Un tableau d’avancement établi par ordre alphabétique entraîne l’illégalité du décret de nomination des promus même lorsque le requérant est un candidat écarté.

Par un arrêt M. B… c/ ministre de la culture en date du 21 septembre 2023 (req. 464800), le Conseil d’État :

– d’une part, rappelle, conformément à sa jurisprudence, que le tableau d’avancement ne peut pas légalement être établi par ordre chronologique mais doit l’être par ordre de mérite,

– d’autre part, précise que le tableau d’avancement et le décret de nomination pris à sa suite forment une opération complexe de sorte qu’un requérant peut, lors d’un recours dirigé contre le décret de nomination, exciper de l’illégalité du tableau d’avancement, laquelle entraîne par voie de conséquence l’illégalité de la promotion, et ce (c’est là l’apport de l’arrêt) même si le requérant est un candidat qui ne figure pas sur le tableau d’avancement.

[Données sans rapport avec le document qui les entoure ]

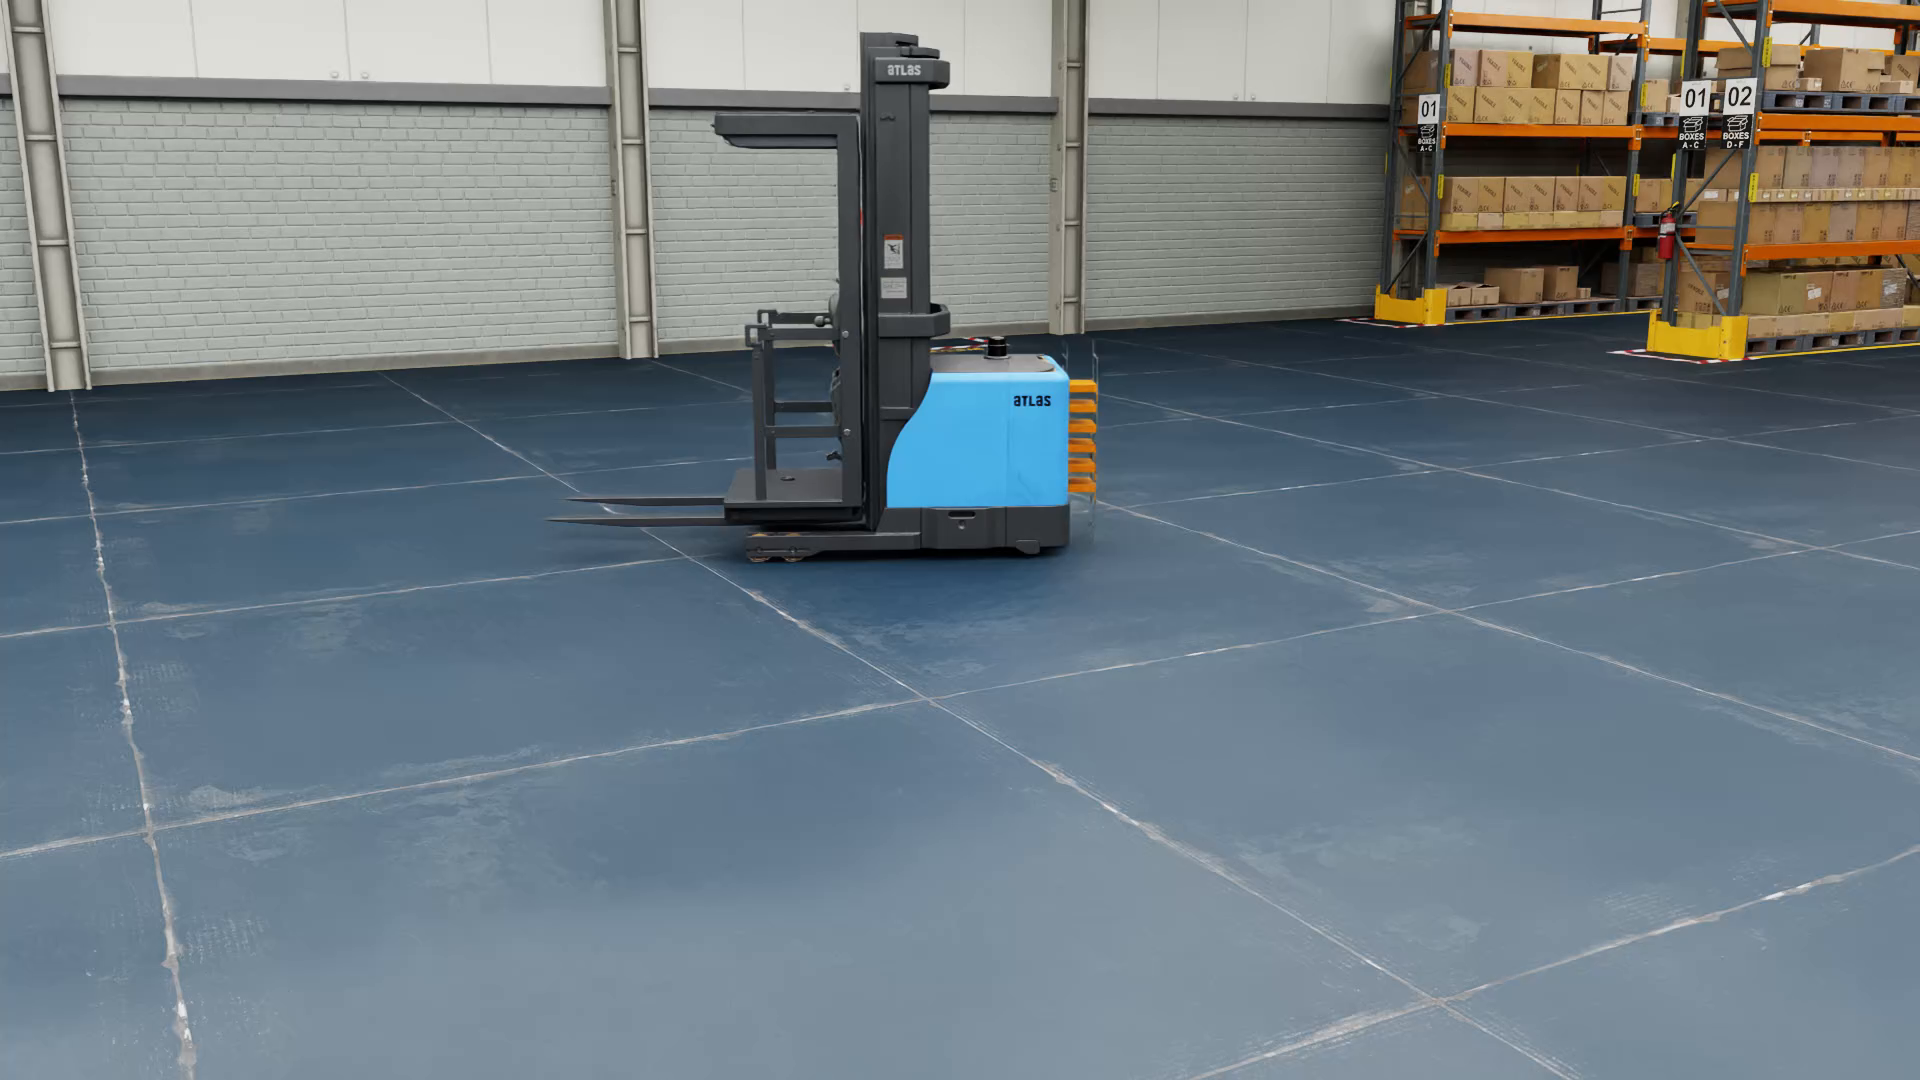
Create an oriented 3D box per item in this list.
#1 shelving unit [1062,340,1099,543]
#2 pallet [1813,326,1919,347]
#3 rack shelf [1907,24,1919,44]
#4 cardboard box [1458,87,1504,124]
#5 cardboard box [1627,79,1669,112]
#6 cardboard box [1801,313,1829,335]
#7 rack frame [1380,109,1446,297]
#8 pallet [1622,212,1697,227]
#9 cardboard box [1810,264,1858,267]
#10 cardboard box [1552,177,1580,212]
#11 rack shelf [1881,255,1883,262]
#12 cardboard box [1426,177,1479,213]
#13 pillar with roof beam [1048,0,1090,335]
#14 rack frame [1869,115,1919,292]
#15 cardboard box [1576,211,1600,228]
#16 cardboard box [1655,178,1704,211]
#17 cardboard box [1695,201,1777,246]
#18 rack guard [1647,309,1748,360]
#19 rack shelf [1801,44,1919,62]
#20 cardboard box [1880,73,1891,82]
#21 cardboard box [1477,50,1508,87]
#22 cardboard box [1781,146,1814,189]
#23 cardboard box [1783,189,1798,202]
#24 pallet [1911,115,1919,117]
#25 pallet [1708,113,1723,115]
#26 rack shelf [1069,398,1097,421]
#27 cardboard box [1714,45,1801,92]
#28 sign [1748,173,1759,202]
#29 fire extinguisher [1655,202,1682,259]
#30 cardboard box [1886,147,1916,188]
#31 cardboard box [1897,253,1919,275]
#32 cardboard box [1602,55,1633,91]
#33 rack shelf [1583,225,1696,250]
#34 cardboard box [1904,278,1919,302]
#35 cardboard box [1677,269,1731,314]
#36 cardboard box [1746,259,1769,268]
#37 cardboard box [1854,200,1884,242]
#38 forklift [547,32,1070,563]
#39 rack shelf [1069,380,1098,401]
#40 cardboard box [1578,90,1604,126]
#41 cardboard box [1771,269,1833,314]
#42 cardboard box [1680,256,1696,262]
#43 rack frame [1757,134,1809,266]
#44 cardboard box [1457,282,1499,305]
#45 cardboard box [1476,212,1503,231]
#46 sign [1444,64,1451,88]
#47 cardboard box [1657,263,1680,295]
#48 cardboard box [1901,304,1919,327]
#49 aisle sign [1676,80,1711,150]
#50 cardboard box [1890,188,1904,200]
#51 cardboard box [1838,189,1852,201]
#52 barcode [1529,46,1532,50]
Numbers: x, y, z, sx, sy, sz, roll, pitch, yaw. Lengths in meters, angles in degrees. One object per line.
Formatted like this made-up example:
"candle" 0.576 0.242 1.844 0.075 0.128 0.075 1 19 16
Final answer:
"shelving unit" 0.715 -0.590 10.000 0.189 1.200 0.258 -1 13 -3
"pallet" 11.680 -2.694 21.598 1.213 0.211 1.003 -7 14 -28
"rack shelf" 14.154 -6.721 22.027 4.000 0.370 1.077 -7 14 -28
"cardboard box" 7.412 -6.222 23.818 0.500 0.500 0.500 -6 14 -24
"cardboard box" 10.540 -6.843 25.669 0.500 0.500 0.500 -5 13 -20
"cardboard box" 10.341 -2.692 20.544 0.500 0.250 0.500 -7 14 -28
"rack frame" 6.510 -4.663 23.998 0.127 3.000 1.000 -7 14 -28
"pallet" 10.762 -5.043 26.122 1.213 0.211 1.003 -7 14 -28
"cardboard box" 11.406 -3.317 21.612 0.500 0.500 0.500 -7 14 -28
"cardboard box" 8.872 -5.173 24.850 0.500 0.500 0.500 -7 15 -29
"rack shelf" 14.154 -3.989 22.642 4.000 0.370 1.077 -7 14 -28
"cardboard box" 7.073 -4.958 23.896 0.500 0.500 0.500 -7 14 -28
"pillar with roof beam" 3.507 -6.370 17.916 0.400 9.000 9.100 -7 14 -28
"rack frame" 12.398 -4.130 21.628 0.127 3.000 1.000 -7 14 -28
"cardboard box" 9.310 -4.862 25.175 0.500 0.250 0.500 -7 14 -28
"cardboard box" 11.541 -5.527 26.607 0.500 0.500 0.700 -5 14 -20
"cardboard box" 9.303 -3.804 19.954 0.500 0.500 0.700 -7 14 -28
"rack guard" 8.866 -2.487 20.021 0.348 0.500 1.175 -7 14 -28
"rack shelf" 15.288 -8.096 28.137 4.000 0.370 1.077 -7 14 -28
"cardboard box" 11.356 -5.764 20.985 0.500 0.311 0.500 -8 15 -31
"cardboard box" 7.429 -6.710 23.709 0.500 0.500 0.500 -7 14 -29
"cardboard box" 9.809 -4.499 20.087 0.500 0.500 0.700 -7 15 -29
"cardboard box" 9.785 -4.128 19.916 0.250 0.149 0.380 -7 14 -28
"pallet" 13.166 -5.595 21.743 1.217 0.209 0.805 -8 15 -30
"pallet" 11.523 -6.610 26.244 1.003 0.211 1.213 -7 14 -28
"rack shelf" 0.715 -0.781 9.957 0.180 0.103 0.258 -1 13 -3
"cardboard box" 9.394 -5.556 19.621 0.637 0.503 0.797 -6 14 -24
"sign" 9.148 -4.062 19.176 0.005 0.325 0.100 -7 14 -28
"fire extinguisher" 8.561 -3.748 20.109 0.183 0.674 0.296 -7 14 -28
"cardboard box" 11.569 -4.710 21.024 0.500 0.500 0.700 -7 14 -28
"cardboard box" 16.535 -4.988 29.382 0.750 0.750 0.750 -7 14 -27
"cardboard box" 9.712 -6.989 24.949 0.500 0.500 0.500 -8 15 -33
"rack shelf" 11.777 -4.943 26.882 4.000 0.370 1.077 -7 14 -28
"cardboard box" 12.616 -3.365 22.257 0.500 0.311 0.500 -7 14 -28
"cardboard box" 9.215 -3.052 20.437 0.500 0.500 0.500 -7 14 -28
"cardboard box" 12.925 -4.414 27.583 0.500 0.500 0.700 -7 14 -27
"cardboard box" 11.110 -4.022 20.921 0.500 0.500 0.700 -7 14 -27
"forklift" -0.896 -1.420 9.744 3.031 2.935 1.130 -1 13 -3
"rack shelf" 0.715 -0.898 9.931 0.180 0.103 0.258 -1 13 -3
"cardboard box" 9.247 -6.454 24.852 0.500 0.500 0.500 -8 15 -33
"cardboard box" 10.335 -3.060 20.472 0.500 0.500 0.500 -7 14 -28
"cardboard box" 11.499 -4.628 26.825 0.500 0.250 0.500 -7 15 -29
"rack frame" 13.532 -5.505 27.738 0.127 3.000 1.000 -7 14 -28
"cardboard box" 7.661 -3.682 24.758 0.500 0.311 0.500 -6 14 -23
"cardboard box" 7.540 -4.647 24.224 0.500 0.250 0.500 -7 15 -30
"sign" 6.771 -6.449 23.108 0.005 0.325 0.100 -7 14 -28
"cardboard box" 11.089 -4.224 26.737 0.500 0.500 0.700 -7 15 -29
"cardboard box" 12.096 -2.902 21.480 0.500 0.250 0.500 -7 14 -28
"aisle sign" 8.689 -5.027 19.693 0.004 0.787 0.394 -7 14 -28
"cardboard box" 11.585 -4.344 20.873 0.250 0.149 0.380 -7 14 -28
"cardboard box" 10.684 -4.236 20.393 0.250 0.149 0.380 -7 14 -27
"barcode" 8.595 -7.411 25.049 0.075 0.075 0.001 -7 14 -28
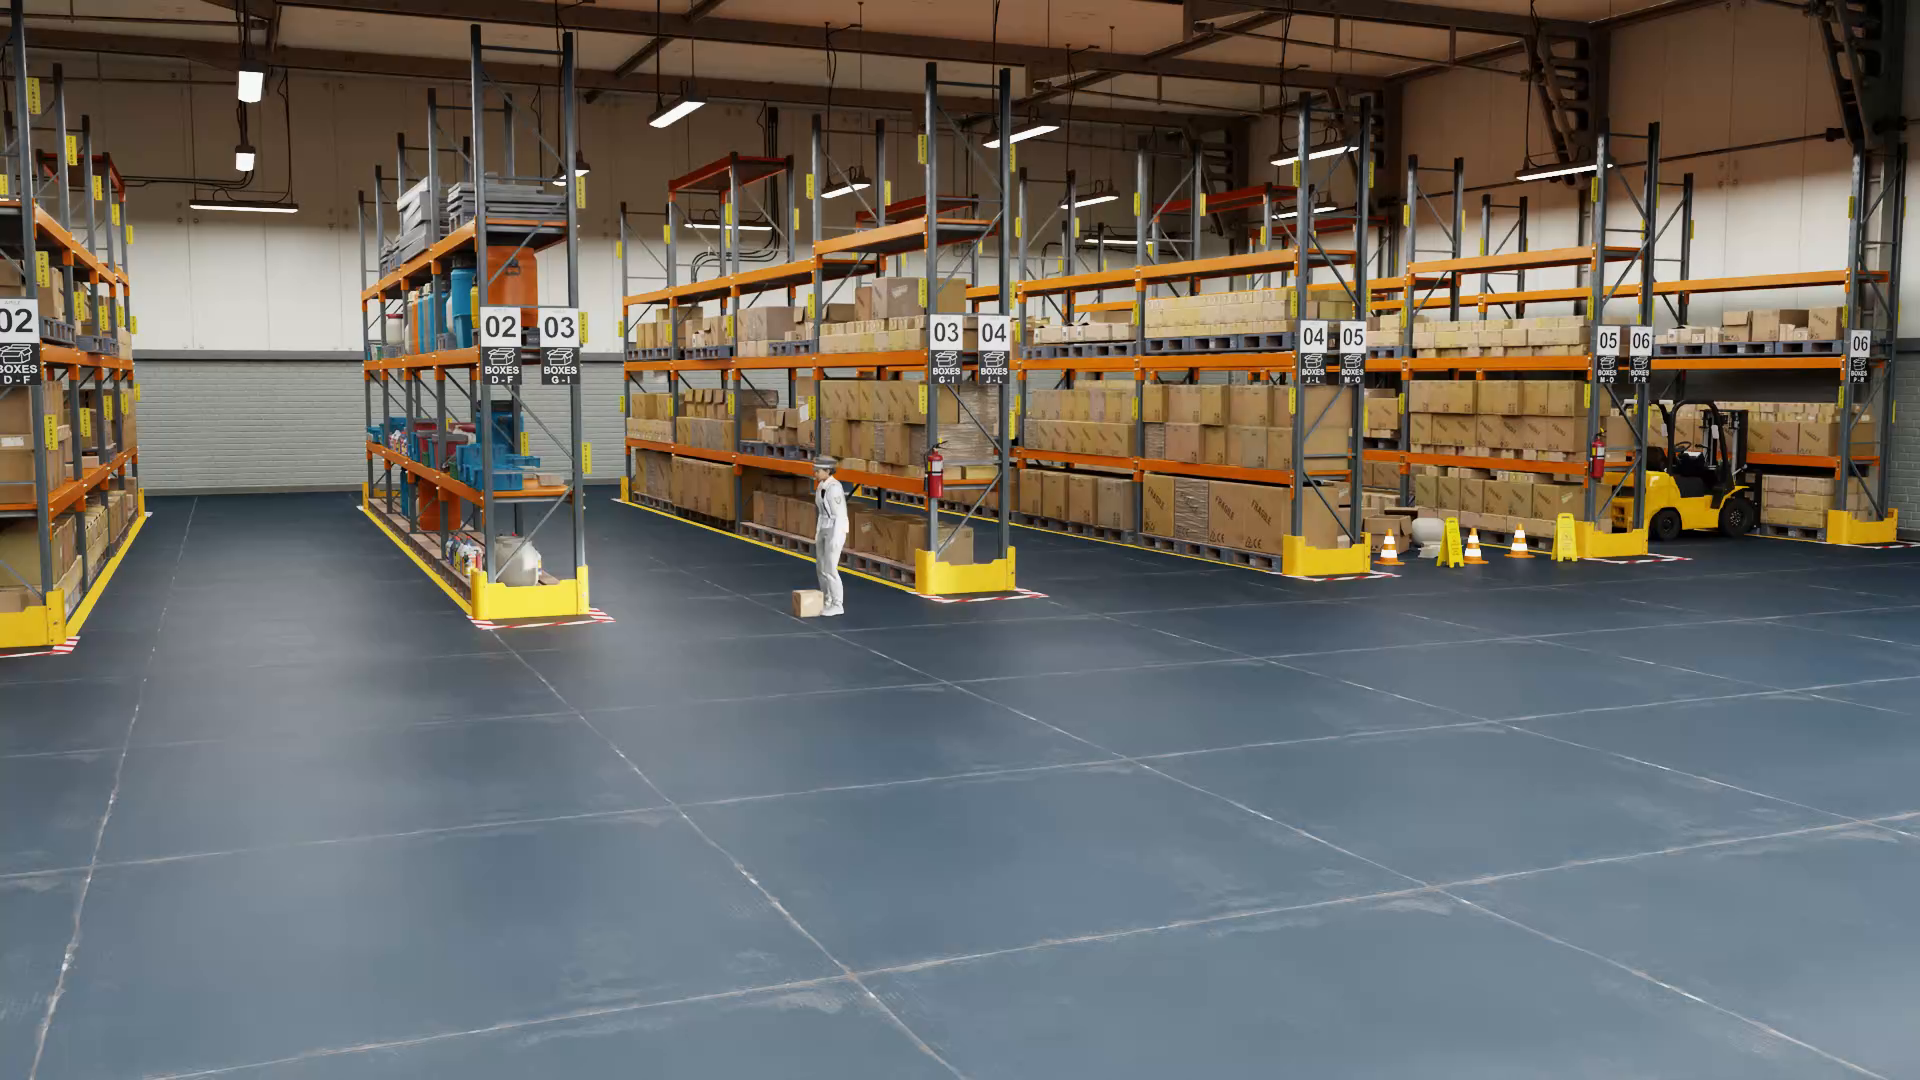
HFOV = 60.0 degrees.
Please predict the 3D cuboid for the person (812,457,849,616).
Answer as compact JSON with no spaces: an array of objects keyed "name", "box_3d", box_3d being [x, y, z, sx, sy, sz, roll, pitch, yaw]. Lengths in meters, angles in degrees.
[{"name":"person","box_3d":[-1.377,-0.048,17.494,0.375,1.662,0.529,-3,6,-26]}]
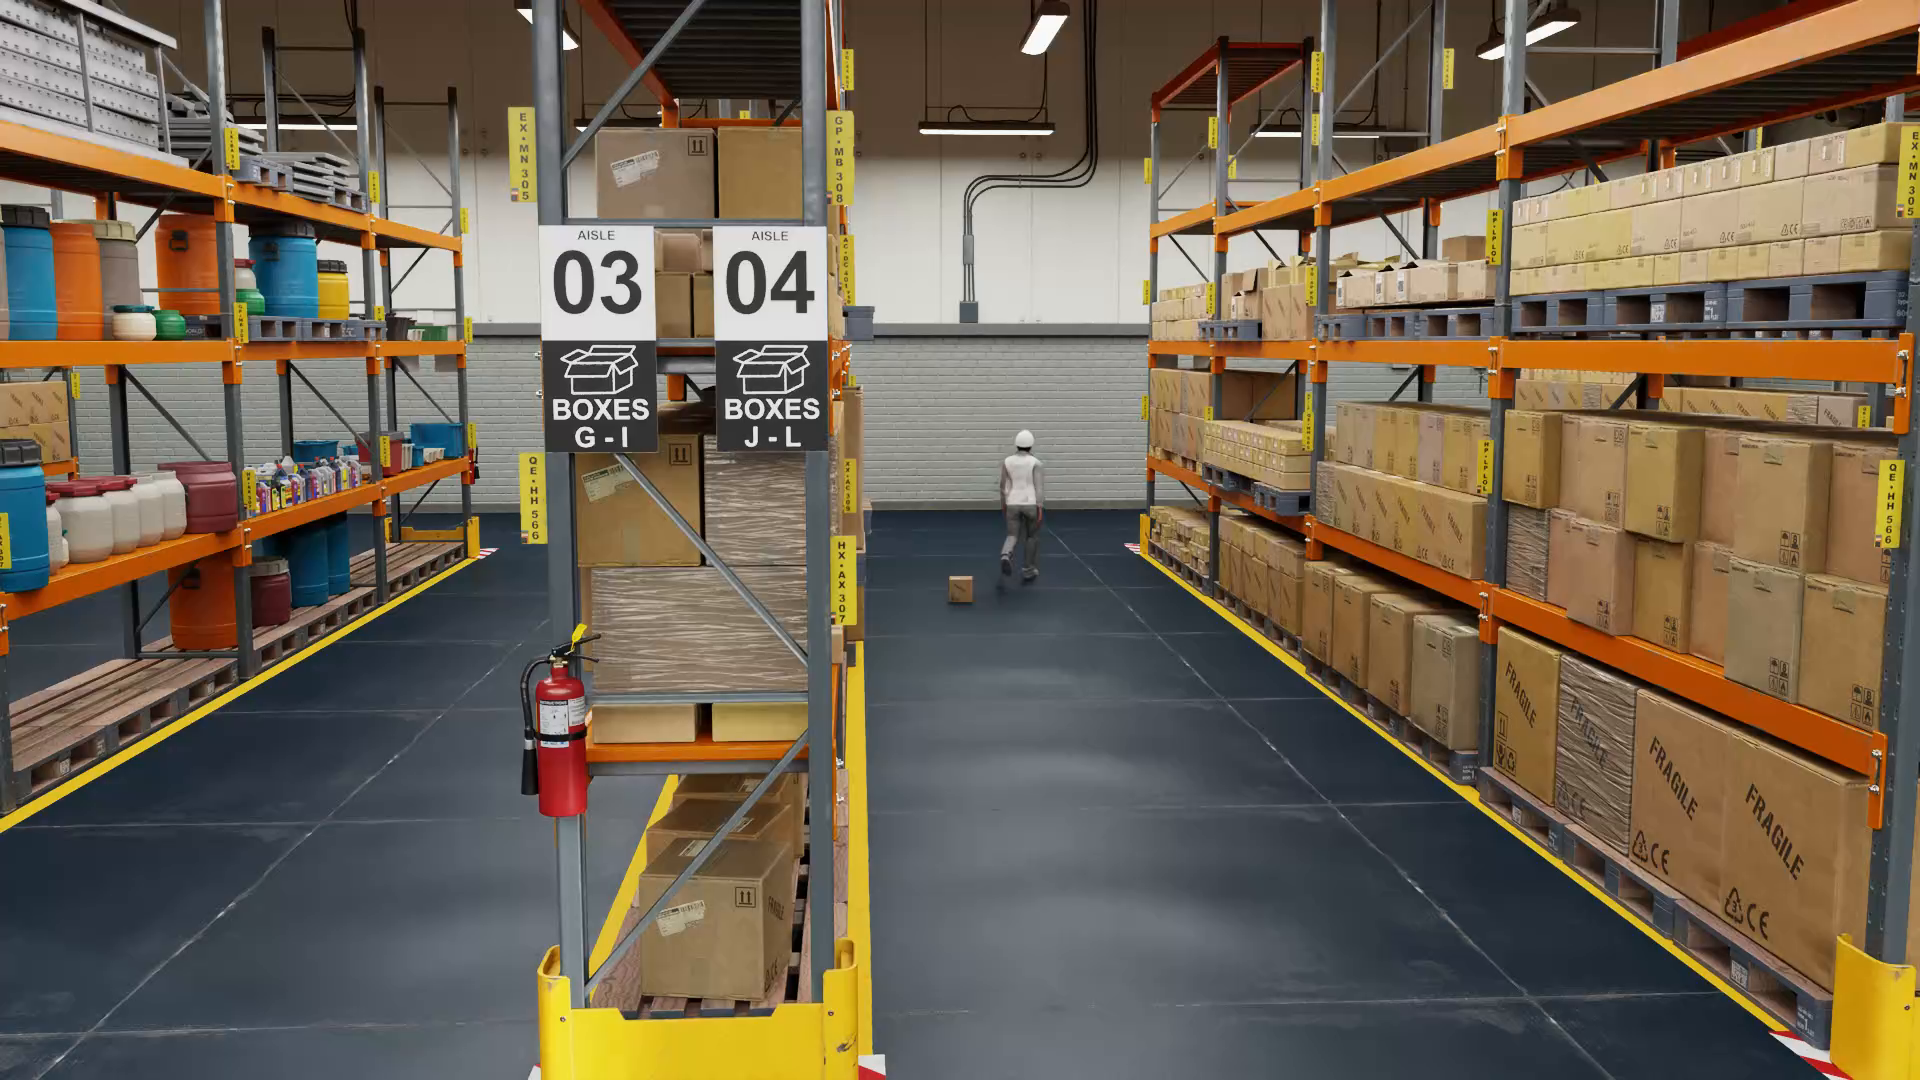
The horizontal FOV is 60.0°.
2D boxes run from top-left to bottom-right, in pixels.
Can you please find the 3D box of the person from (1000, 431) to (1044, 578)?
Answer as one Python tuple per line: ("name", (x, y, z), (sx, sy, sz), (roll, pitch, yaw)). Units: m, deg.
("person", (0.712, -0.405, 19.462), (0.548, 1.750, 0.793), (3, 7, 20))

Monsieur B…, conservateur en chef du patrimoine, a attaqué le décret du président de la République portant nomination et titularisation de 27 de ses collègues dans le grade de conservateur général du patrimoine au titre de l’année 2022, promotion établie sur la base d’un tableau d’avancement établi par la ministre de la culture où figurait les 27 promus par ordre alphabétique.

Le Conseil d’État, se fondant sur les dispositions : « Contrairement à ce que soutient la ministre de la culture, la circonstance que M. B… n’avait pas attaqué le tableau d’avancement ne lui interdisait pas de contester le décret qu’il attaque portant nomination dans le grade de conservateur général du patrimoine au motif que le tableau d’avancement a été établi par ordre alphabétique et non par ordre de mérite. Dès lors que l’établissement du tableau d’avancement et les mesures individuelles de promotion du décret attaqué constituent une opération complexe, le caractère définitif du tableau d’avancement ne peut, en tout état de cause, faire obstacle à la recevabilité d’un tel moyen. »

Or, en l’espèce, constate le Conseil d’État, « le tableau d’avancement pour l’accès au grade de conservateur général du patrimoine au titre de l’année 2022, établi par l’arrêté de la ministre de la culture en date du 10 décembre 2021, comporte une liste de 27 conservateurs en chef du patrimoine inscrits par ordre alphabétique. C’est aussi dans le même ordre alphabétique que le décret attaqué nomme ces 27 conservateurs dans le grade de conservateur général du patrimoine au titre de l’année 2022. En présentant ainsi la liste des candidats par ordre alphabétique, le tableau d’avancement méconnaît les dispositions […] de l’article 58 de la loi du 11 janvier 1984, applicable en l’espèce, qui subordonnent la promotion des agents au seul critère du mérite et de la valeur professionnelle. Il s’ensuit […] que le requérant est fondé à demander, par voie de conséquence de l’illégalité entachant le tableau d’avancement, l’annulation du décret portant nomination dans le grade de conservateur général du patrimoine au titre de l’année 2022 qu’il attaque. »

Enfin, l’exécution de l’arrêt impliquant seulement que la ministre de la culture reprenne les opérations de nomination dans le grade de conservateur général du patrimoine au titre de l’année 2022, elle est enjointe de reprendre ces opérations.